Les camarades et Véra elle-même précipitèrent l’inévitable dénouement.
Ils tentèrent encore de le reprendre, de le soumettre. Ils lui parlèrent fraternellement et avec ardeur.
C’était chez Véra, un soir. Pâle, angoissée, elle le regarda, l’œil tout assombri de reproche.
— Serais-tu donc lâche, Dmitri ! Il faut travailler, lutter, être homme. Non, tu ne peux être lâche.
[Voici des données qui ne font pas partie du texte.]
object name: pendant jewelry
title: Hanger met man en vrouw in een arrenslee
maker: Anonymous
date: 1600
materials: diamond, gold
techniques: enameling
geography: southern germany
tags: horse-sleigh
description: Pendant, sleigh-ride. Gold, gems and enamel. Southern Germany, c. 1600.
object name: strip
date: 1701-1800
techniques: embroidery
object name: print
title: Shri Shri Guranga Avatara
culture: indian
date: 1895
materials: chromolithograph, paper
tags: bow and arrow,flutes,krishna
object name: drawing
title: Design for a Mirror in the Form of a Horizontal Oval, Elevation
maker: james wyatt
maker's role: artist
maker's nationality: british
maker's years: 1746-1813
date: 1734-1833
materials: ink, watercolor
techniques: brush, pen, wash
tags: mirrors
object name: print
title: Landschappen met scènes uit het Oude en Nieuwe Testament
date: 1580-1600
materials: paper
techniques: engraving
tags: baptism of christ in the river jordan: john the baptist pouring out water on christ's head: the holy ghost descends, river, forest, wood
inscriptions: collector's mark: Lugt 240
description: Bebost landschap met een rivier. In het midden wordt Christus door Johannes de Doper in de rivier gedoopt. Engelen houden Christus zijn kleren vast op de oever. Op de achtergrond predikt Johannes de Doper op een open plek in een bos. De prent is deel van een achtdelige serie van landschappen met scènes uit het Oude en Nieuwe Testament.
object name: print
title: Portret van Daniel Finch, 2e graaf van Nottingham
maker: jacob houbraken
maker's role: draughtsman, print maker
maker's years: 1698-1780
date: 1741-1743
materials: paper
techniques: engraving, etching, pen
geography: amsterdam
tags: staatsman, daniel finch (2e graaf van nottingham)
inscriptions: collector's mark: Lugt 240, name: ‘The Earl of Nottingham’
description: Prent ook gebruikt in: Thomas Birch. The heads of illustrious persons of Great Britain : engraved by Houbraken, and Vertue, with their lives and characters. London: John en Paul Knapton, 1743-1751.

Va, demain, te faire inscrire à la Faculté, travaille.
Orschanow se leva.
— Lâche ? Non, c’est vous qui l’êtes, prophètes d’une liberté problématique dans mille ans et qui n’avez pas le courage de secouer tout de suite le joug de la société imbécile et des choses meurtrières ! Lâche, Véra, celui qui t’a faite sienne, qui a fait vibrer quelque chose de son âme au plus profond de ta chair ! Soit, je disparaîtrai, je m’en irai, mais tu resteras mienne, Véra, et rien ne m’arrachera de toi, jamais. Laissez-moi ! Laissez-moi seul !
Et il alla à la fenêtre, s’appuyant le front contre la vitre. Il souffrait. Une révolte surtout grondait en lui.
Il entendit Garnicha dire : — S’il était parti, depuis le temps qu’il menace de s’en aller, il serait bien loin !
Furieusement, Orschanow haussa les épaules.
Les camarades partis, Véra essaya de lui parler, doucement. Alors, de nouveau, il la prit, la poussant vers le lit. Elle se révolta, lutta.